Catatan Opini (2), Jalan yang Benar

Catatan Opini (2), Jalan yang Benar
PAGI itu cuaca di atas langit Sumatera terasa teduh, Rabu (6/12/2017). Dari balik jendela, sinar matahari masih tampak tertutupi oleh gumpalan awan yang berlapis-lapis.
 
Sementara pesawat Lion dengan nomor penerbangan JT 393 yang dipiloti Rio Daniswara baru saja  meninggalkan Bandar Udara Sultan Syarif Kasim II, Pekanbaru pada pukul 06.21 wib. Pesawat menderu laju menuju Bandar Udara Soekarno-Hatta, Tanggerang Banten. Transit.
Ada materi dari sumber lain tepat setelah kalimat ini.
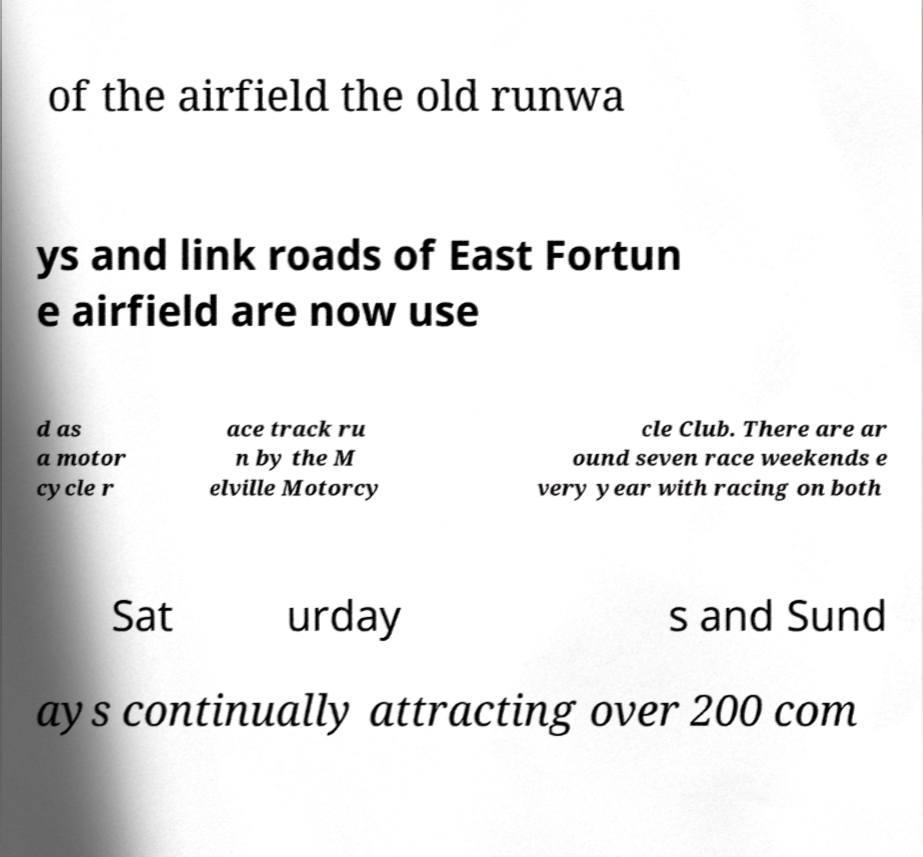Can you read and provide the text displayed in the image?This photo seems to have some interesting text. Can you extract and type it out for me? of the airfield the old runwa ys and link roads of East Fortun e airfield are now use d as a motor cycle r ace track ru n by the M elville Motorcy cle Club. There are ar ound seven race weekends e very year with racing on both Sat urday s and Sund ays continually attracting over 200 com

Selanjutnya "burung besi" itu terbang menuju Bandar Udara Tjilik Riwut, Palangkaraya.
 
Sambil memandangi indahnya ciptaan Allah SWT dari balik jendela, ku teringat satu ayat surat dalam Alquran.
 
"Allah, Dialah yang mengirim angin, lalu angin itu menggerakkan awan dan Allah membentangkannya di langit menurut yang dikehendaki-Nya, dan menjadikannya bergumpal-gumpal; lalu kamu lihat hujan keluar dari celah-celahnya, Maka apabila hujan itu turun mengenai hamba-hamba-Nya yang dikehendakiNya, tiba-tiba mereka menjadi gembira.” (QS. Ar-Rum: 48).
 
Sungguh luar biasa, ribuan tahun yang lalu Alquran sudah mengatakan demikian. Suatu  kebenaran yang mutlak. Dengan dalil ayat-ayat _muhkamat_, Allah SWT telah menunjukkan kekuasaannya. 
 
Dia menunjukkan kebenaran itu, jauh sebelum manusia dapat menciptakan pesawat. Dari balik pesawat, di kaki langit di atas sana kita dapat menyaksikan langsung kebenaran ciptaan-Nya. Melihat langsung apa yang difirmankan-Nya dalam QS Ar-Rum: 48 tersebut.
 
Maha benar Allah dengan segala firman-Nya. Aamiin.
 
Sambil terus memandangi lapisan awan yang bergumpal-gumpal di bawah dan di samping. Sesekali terasa ada goncangan kecil. Terdengar dari balik kabin, pramugari meminta sementara para penumpang tidak menggunakan kamar kecil.  Penumpang tetap duduk di kursi, karena kondisi cuaca yang kurang baik.
 
Dari ketinggian kurang lebih antara 9. 000 - 11.000 meter dari permukaan bumi, ku teringat untuk melanjutkan kembali coretan dan catatan kecil kemarin. 
 
"Catatan Opini (2)",  di sela-sela perjalanan menuju ke Palangkaraya, Kalimantan Tengah pekan lalu.
 
Pertama, kita ambil _starting poin-_nya dulu. Ide mengelola kelembagaan KPU melalui kekuatan sosial media bukanlah hal yang mustahil. Ku kerucutkan saja sosial media itu adalah _whaatsap group (WAG)_. _WAG and the gang._ Sesuai yang kita gunakan saat ini. Seperti yang telah ku dedahkan kepada tuan-tuan dan puan-puan kemarin.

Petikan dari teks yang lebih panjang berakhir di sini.